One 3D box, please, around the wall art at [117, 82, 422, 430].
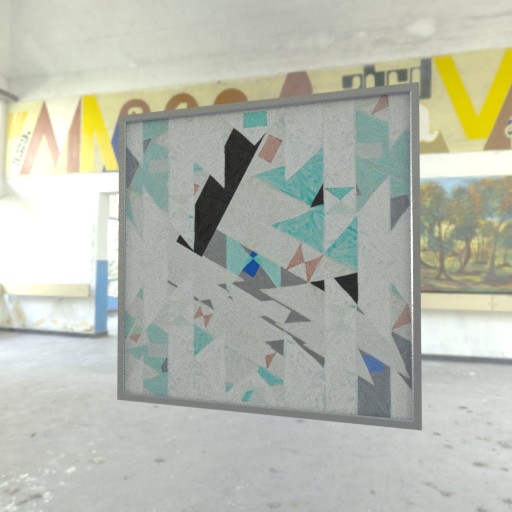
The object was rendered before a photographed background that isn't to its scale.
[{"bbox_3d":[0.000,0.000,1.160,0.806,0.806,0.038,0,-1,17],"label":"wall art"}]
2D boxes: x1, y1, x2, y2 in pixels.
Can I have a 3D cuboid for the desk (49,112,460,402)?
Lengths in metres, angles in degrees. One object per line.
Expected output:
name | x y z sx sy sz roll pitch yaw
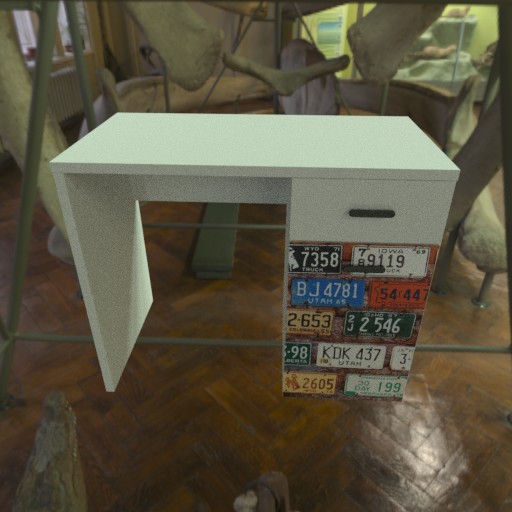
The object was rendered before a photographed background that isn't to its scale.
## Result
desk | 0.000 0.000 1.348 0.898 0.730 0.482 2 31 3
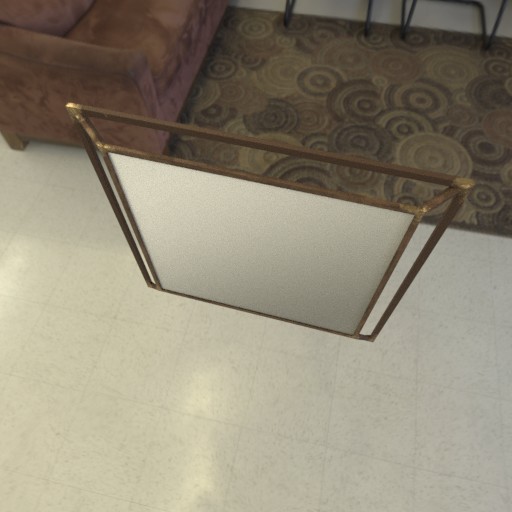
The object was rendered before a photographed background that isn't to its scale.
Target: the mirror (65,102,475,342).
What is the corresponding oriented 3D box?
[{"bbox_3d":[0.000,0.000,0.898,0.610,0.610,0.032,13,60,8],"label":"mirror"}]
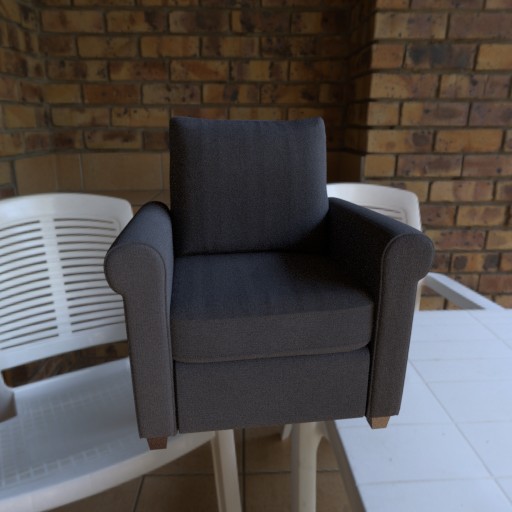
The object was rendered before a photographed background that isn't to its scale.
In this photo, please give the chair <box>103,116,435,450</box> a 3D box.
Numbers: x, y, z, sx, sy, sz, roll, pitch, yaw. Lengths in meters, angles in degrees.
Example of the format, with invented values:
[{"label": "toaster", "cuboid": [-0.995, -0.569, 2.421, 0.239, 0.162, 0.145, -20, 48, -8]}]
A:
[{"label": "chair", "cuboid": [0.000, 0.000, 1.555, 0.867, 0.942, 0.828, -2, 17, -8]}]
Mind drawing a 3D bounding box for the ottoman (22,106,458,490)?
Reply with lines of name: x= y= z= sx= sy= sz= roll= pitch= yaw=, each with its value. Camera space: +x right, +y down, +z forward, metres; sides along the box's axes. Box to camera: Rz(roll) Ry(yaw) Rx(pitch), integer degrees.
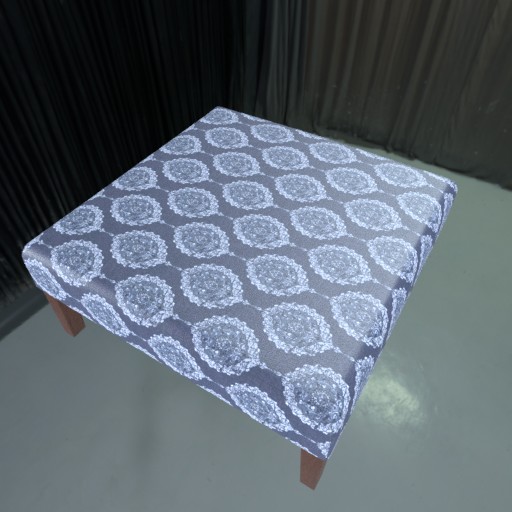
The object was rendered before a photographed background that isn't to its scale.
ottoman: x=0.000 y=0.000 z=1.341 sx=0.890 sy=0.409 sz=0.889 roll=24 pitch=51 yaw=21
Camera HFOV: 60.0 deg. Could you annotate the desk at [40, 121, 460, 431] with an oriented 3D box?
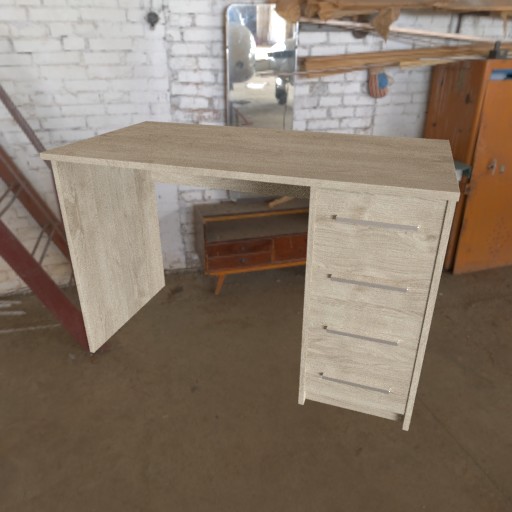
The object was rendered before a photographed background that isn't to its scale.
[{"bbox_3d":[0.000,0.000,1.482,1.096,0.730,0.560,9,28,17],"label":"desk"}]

#### EXERCISE
The expected answer is an unaltered copy of the listing, images removed.

#### YOUR RESPONSE
One 3D box, please, around the wall art at [117, 82, 422, 430].
The object was rendered before a photographed background that isn't to its scale.
[{"bbox_3d":[0.000,0.000,1.160,0.806,0.806,0.038,0,-1,17],"label":"wall art"}]
2D boxes: x1, y1, x2, y2 in pixels.
Can I have a 3D cuboid for the desk (49,112,460,402)?
Lengths in metres, angles in degrees. One object per line.
Expected output:
name | x y z sx sy sz roll pitch yaw
The object was rendered before a photographed background that isn't to its scale.
## Result
desk | 0.000 0.000 1.348 0.898 0.730 0.482 2 31 3
The object was rendered before a photographed background that isn't to its scale.
Target: the mirror (65,102,475,342).
What is the corresponding oriented 3D box?
[{"bbox_3d":[0.000,0.000,0.898,0.610,0.610,0.032,13,60,8],"label":"mirror"}]
The object was rendered before a photographed background that isn't to its scale.
In this photo, please give the chair <box>103,116,435,450</box> a 3D box.
Numbers: x, y, z, sx, sy, sz, roll, pitch, yaw. Lengths in meters, angles in degrees.
Example of the format, with invented values:
[{"label": "toaster", "cuboid": [-0.995, -0.569, 2.421, 0.239, 0.162, 0.145, -20, 48, -8]}]
A:
[{"label": "chair", "cuboid": [0.000, 0.000, 1.555, 0.867, 0.942, 0.828, -2, 17, -8]}]
Mind drawing a 3D bounding box for the ottoman (22,106,458,490)?
Reply with lines of name: x= y= z= sx= sy= sz= roll= pitch= yaw=, each with its value. Camera space: +x right, +y down, +z forward, metres; sides along the box's axes. Box to camera: Rz(roll) Ry(yaw) Rx(pitch), integer degrees.
The object was rendered before a photographed background that isn't to its scale.
ottoman: x=0.000 y=0.000 z=1.341 sx=0.890 sy=0.409 sz=0.889 roll=24 pitch=51 yaw=21
Camera HFOV: 60.0 deg. Could you annotate the desk at [40, 121, 460, 431] with an oriented 3D box?
The object was rendered before a photographed background that isn't to its scale.
[{"bbox_3d":[0.000,0.000,1.482,1.096,0.730,0.560,9,28,17],"label":"desk"}]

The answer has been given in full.